ReliaQuest has documented OP-512, a China-linked espionage cluster targeting Microsoft IIS web servers with a bespoke web-shell framework - the fourth such group after CL-STA-0048, DragonRank, and GhostRedirector to single out IIS in the past year. The framework uses three web shells that grant remote access while evading signature detection and complicating forensics: each deployment is uniquely generated, access is cryptographically restricted to the attacker, and compromised servers auto-report to centralized management. To hide, the web shells timestomp - scanning surrounding files, computing the median last-modified time, and overwriting their own timestamps to match. ReliaQuest notes close tactical proximity to CL-STA-0048, suggesting a revamped toolset or shared development.
Researchers have detailed a cyber-espionage campaign in which attackers maintained access to a global stock exchange executive's Microsoft Outlook mailbox for roughly five months. The intrusion relied on a malicious OAuth application and inbox-rule persistence to quietly read and forward mail while evading detection. By abusing OAuth consent rather than stealing a password, the attackers retained access that survived password changes and looked like routine application traffic in logs. The five-month dwell time on a single high-value executive points to a patient, intelligence-driven operation rather than opportunistic crime. The case reinforces the now-recurring pattern of OAuth-app abuse and malicious inbox rules as the core of stealthy Microsoft 365 mailbox compromise.

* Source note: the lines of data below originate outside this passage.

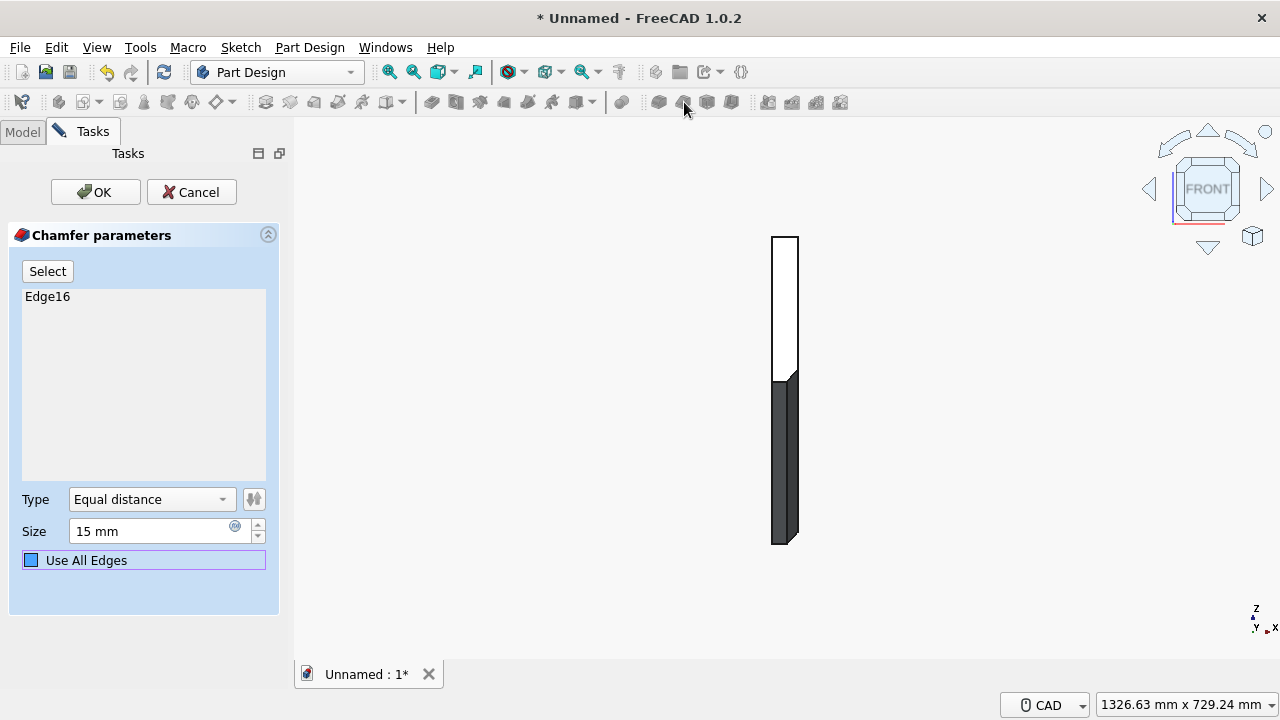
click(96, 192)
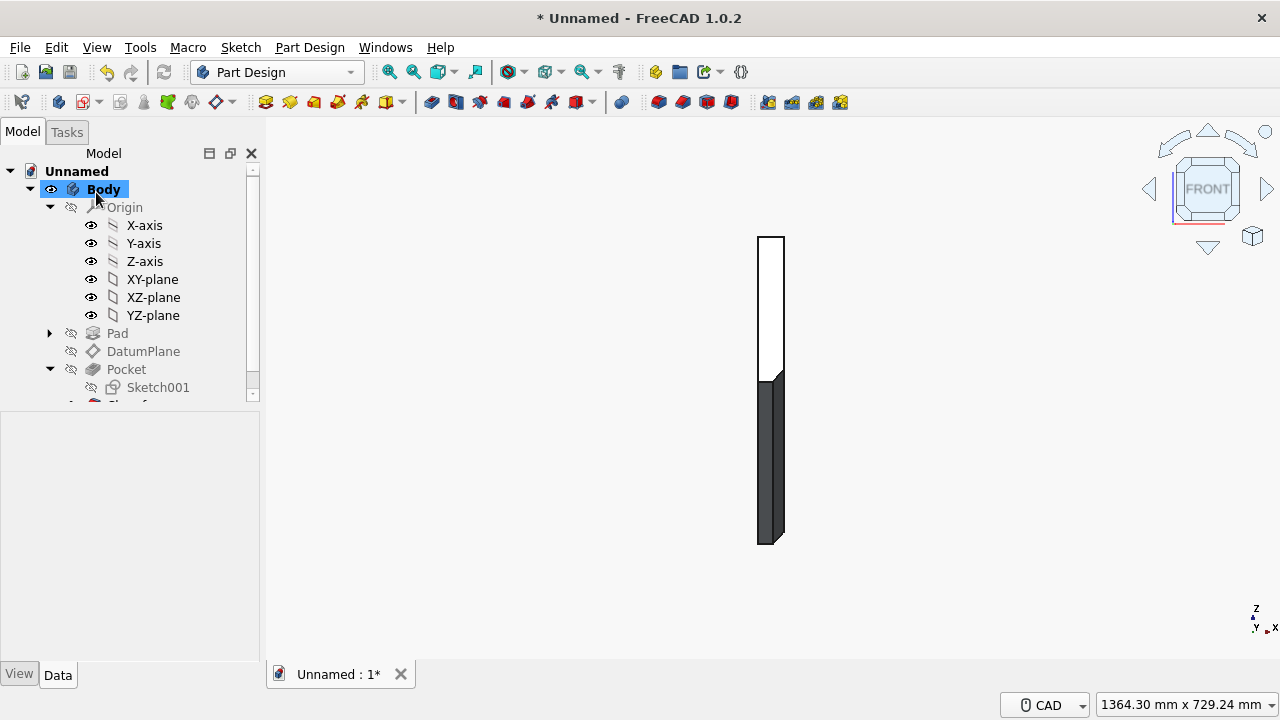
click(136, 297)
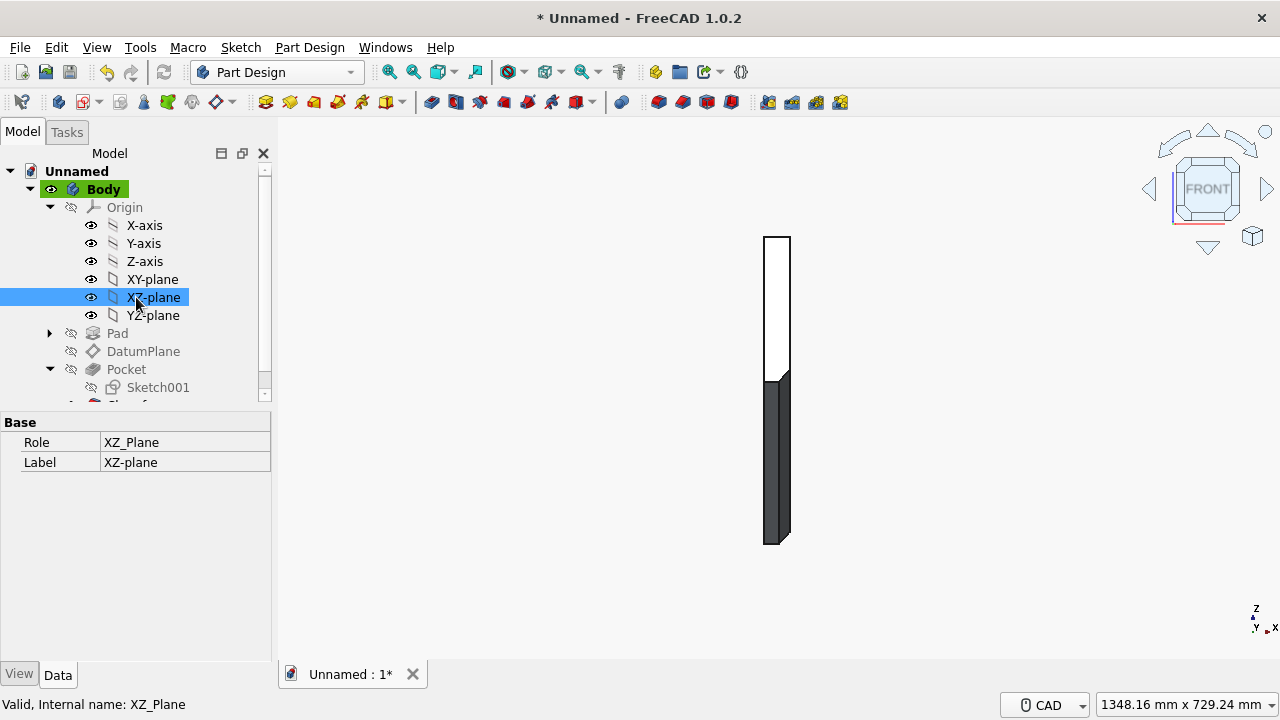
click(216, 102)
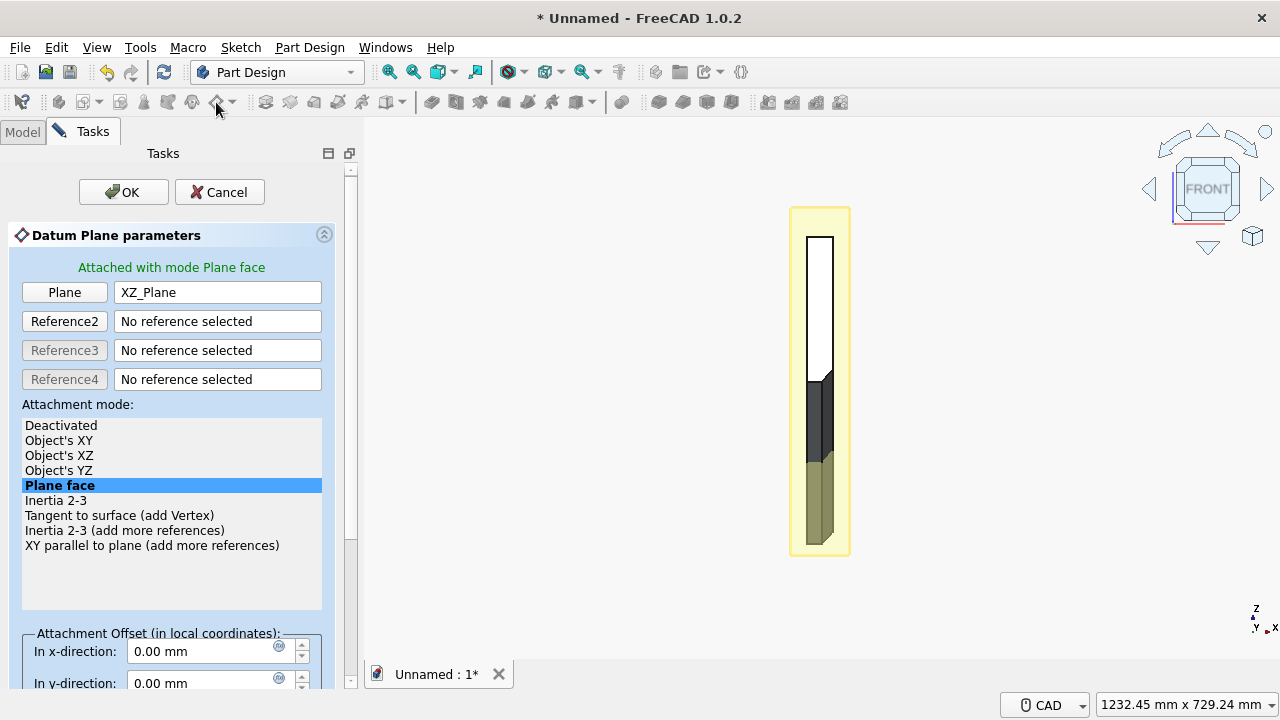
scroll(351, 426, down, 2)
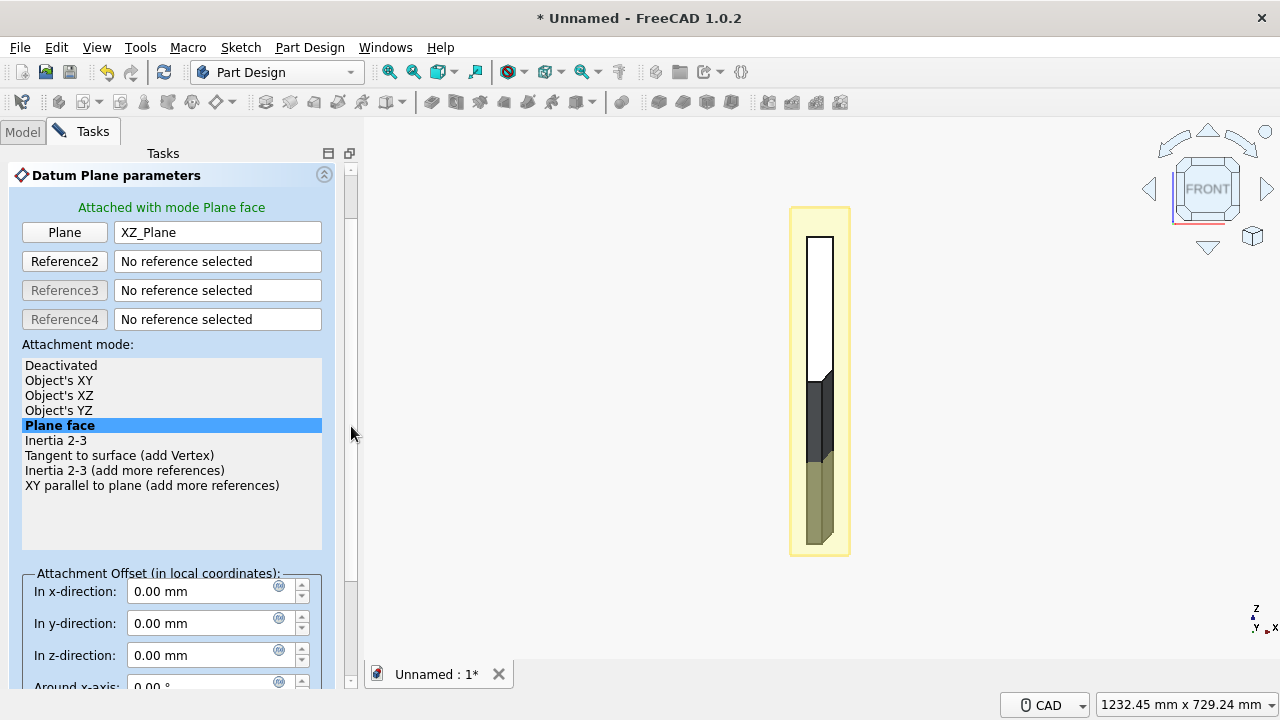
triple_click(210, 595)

Symantec and Carbon Black, working with Huntress, have documented Operation Olalampo, a new MuddyWater (also tracked as Seedworm) espionage campaign that has hit at least nine countries. The Iran-linked actor uses DLL sideloading by abusing two trusted binaries - sentinelmemoryscanner.exe sideloads sentinelagentcore.dll - to deploy the open-source ChromElevator tool, which steals passwords, cookies, and payment-card data from Chromium browsers while bypassing App-Bound Encryption. The campaign also uses Node.js-based implants that drop PowerShell scripts for reconnaissance, SAM-hive theft, screenshot capture, and SOCKS5 reverse-proxy tunneling. Stolen data has been staged on the public file-transfer service sendit[.]sh.
Lumen Black Lotus Labs and PwC Threat Intelligence have detailed a Chinese cyber-espionage campaign tied to the Calypso group (also tracked as Red Lamassu) that has been hitting telecommunications providers across Asia Pacific and parts of the Middle East since mid-2022. The operators run a Linux post-exploitation framework called Showboat (or kworker) that doubles as a SOCKS5 proxy and port-forwarder, plus a Windows RAT called JMFBackdoor delivered via DLL-sideloading of fltMC.exe + FLTLIB.dll. Showboat retrieves a 'hide' command from public dead-drops like Pastebin to mask its process. The tooling appears to be shared across multiple China-aligned clusters targeting distinct victim sets.
ESET has documented Chinese-aligned threat actor Webworm adding two new custom backdoors to its toolset: EchoCreep, which uses a Discord channel for command-and-control, and GraphWorm, which routes C2 through the Microsoft Graph API and uploads exfiltrated files to OneDrive. Webworm is staging tools out of a GitHub repository disguised as a WordPress fork and has been observed targeting government organizations in Belgium, Italy, Serbia, Poland, Spain, and a university in South Africa. The earliest EchoCreep Discord commands date to March 21, 2024; about 433 messages have been sent through the channel. Initial access is still unclear, but dirsearch and nuclei are involved.